***** STORED DATA *****

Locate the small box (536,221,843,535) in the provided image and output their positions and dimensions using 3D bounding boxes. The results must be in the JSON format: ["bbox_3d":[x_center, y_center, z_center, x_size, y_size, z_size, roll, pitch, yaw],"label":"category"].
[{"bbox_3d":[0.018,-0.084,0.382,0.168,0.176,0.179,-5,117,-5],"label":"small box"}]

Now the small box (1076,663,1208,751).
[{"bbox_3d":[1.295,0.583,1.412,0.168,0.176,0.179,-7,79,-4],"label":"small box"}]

*****

Copy out the entire listing above exactly.

RESPONSE TO THE EXERCISE =
Locate the small box (536,221,843,535) in the provided image and output their positions and dimensions using 3D bounding boxes. The results must be in the JSON format: ["bbox_3d":[x_center, y_center, z_center, x_size, y_size, z_size, roll, pitch, yaw],"label":"category"].
[{"bbox_3d":[0.018,-0.084,0.382,0.168,0.176,0.179,-5,117,-5],"label":"small box"}]

Now the small box (1076,663,1208,751).
[{"bbox_3d":[1.295,0.583,1.412,0.168,0.176,0.179,-7,79,-4],"label":"small box"}]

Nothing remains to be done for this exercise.